10 observations of funds with 10-year track records
- Funds’ long term track-records are emerging
There are 157 equity funds with a 10-year track record managing US$13.5b in assets or about 15% of industry assets. I look forward to the day when funds begin to have multi-decade track records.
- A case of too many Malaysia-focused funds?
85% of funds invest primarily in Malaysia and only 15% in foreign markets. This opens up a whole Pandora’s Box for the local investment industry. Have Malaysia-focused funds been over-marketed? Have Malaysians lost out on the growth and innovation of the rest of the world in the last decade? Are Malaysian managers equipped to handle foreign markets? Are local advisors/agents comfortable in giving proper advice on global diversification? There could, of course, be more foreign funds but with less than 10 years track record which are not covered by this survey.
- Malaysia has underperformed a diversified portfolio of world markets
Malaysia-focused funds on average returned 6.4% and 5.9% before and after selling fees respectively. This is less than returns given by World (6.9%), Developed Markets (7.2%), US (9.8%!), Asia ex-Japan (6.7%) and Asean (7.4%).
- The ringgit’s 2.4% p.a. decay is to blame for poor performance
The ringgit was about 3.37 in mid-2007 and 4.28 to the USD at the end of June 2017. This is a USD vs RM annualised gain of 2.4% p.a. which must be added to all fund/index returns to arrive at ringgit returns. Whatever your nuanced opinion of the ringgit, we return to the question of what experts would advise for the next 10 years: to have a “home is best” mindset or to decide whether global diversification gives superior growth-risk exposure.
- US returns were insane despite causing a global financial crisis
The US returned 7.4% or a whopping 9.8% in ringgit terms! This is insane because the US is the world’s biggest market and it’s not easy to get double digit returns out of a “mature” market. Investing at the market’s bottom during the crash in March 2009 would give even crazier returns. Thank Silicon Valley, the Fed, Bush Jr, Obama, Trump and the folly of emerging market leaders.

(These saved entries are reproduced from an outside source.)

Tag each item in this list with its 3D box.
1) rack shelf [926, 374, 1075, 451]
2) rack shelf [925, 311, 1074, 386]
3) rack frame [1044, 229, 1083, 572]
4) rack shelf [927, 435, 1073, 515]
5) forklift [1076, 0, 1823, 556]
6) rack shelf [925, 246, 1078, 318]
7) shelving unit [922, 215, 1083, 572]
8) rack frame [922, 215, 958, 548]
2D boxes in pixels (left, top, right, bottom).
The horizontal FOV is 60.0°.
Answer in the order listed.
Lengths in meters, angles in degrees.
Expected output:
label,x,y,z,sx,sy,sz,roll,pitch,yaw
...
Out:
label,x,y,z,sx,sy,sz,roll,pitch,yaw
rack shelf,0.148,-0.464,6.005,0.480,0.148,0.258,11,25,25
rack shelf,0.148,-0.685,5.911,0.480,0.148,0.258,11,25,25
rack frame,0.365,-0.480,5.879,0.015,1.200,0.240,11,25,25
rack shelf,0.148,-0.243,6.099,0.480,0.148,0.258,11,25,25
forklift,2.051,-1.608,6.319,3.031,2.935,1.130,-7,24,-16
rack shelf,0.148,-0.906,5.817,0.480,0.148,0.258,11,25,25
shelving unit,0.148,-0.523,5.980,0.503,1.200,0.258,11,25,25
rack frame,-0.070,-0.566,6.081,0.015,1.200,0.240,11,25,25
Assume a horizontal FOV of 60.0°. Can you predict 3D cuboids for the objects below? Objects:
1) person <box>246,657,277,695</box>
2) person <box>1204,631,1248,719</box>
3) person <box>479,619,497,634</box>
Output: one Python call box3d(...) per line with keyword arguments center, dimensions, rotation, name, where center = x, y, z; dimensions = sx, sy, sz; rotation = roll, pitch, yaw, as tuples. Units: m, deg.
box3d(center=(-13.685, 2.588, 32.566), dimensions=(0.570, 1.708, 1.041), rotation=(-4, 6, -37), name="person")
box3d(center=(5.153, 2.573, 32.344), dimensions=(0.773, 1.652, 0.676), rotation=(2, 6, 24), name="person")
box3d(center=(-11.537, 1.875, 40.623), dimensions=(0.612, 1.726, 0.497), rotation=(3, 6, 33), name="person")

- China returned a ringgit-adjusted 6.7% despite the hate
China is supposed to be slowing down and has to contend with geopolitical risks. On the upside there’s a lot of restructuring and tech. So who knows whether this will sustain. Even Hong Kong, China’s erstwhile gateway, returned a delicious 8.6%.
- Malaysia mostly only outperformed “troubled” regions
Malaysia-focused funds on average did better than problematic regions like Europe (4%), Japan (4.4%), Asia including Japan (5.4%) and Emerging Markets (4.8%)
- Malaysian fund managers aren’t adept at global markets?
Malaysian-managed foreign funds mostly underperformed their respective indices. The exceptional performance for Asia ex-Japan is mainly attributed to one fund: the Affin Hwang Select Asia (ex Japan) Quantum fund which gave a 14.3% net return! Otherwise, performance for that sector, including for Affin-Hwang’s other funds in the category, remains similarly pitiful.
- Mega fund houses had significant impact on regional/global fund returns
You can say that, if you had decided to buy a unit trust investing in foreign markets, this is where most of your money went to. Public Mutual is a significant player in the foreign unit trust sector with most of their funds underperforming.
- A handful of funds had commendable performance
With net returns (after sales fees) of at least 7%, a few Malaysia-focused funds managed to hold up well against the returns of global and regional indices. But with asset sizes totaling about US$640m, this is less than 5% of total funds surveyed.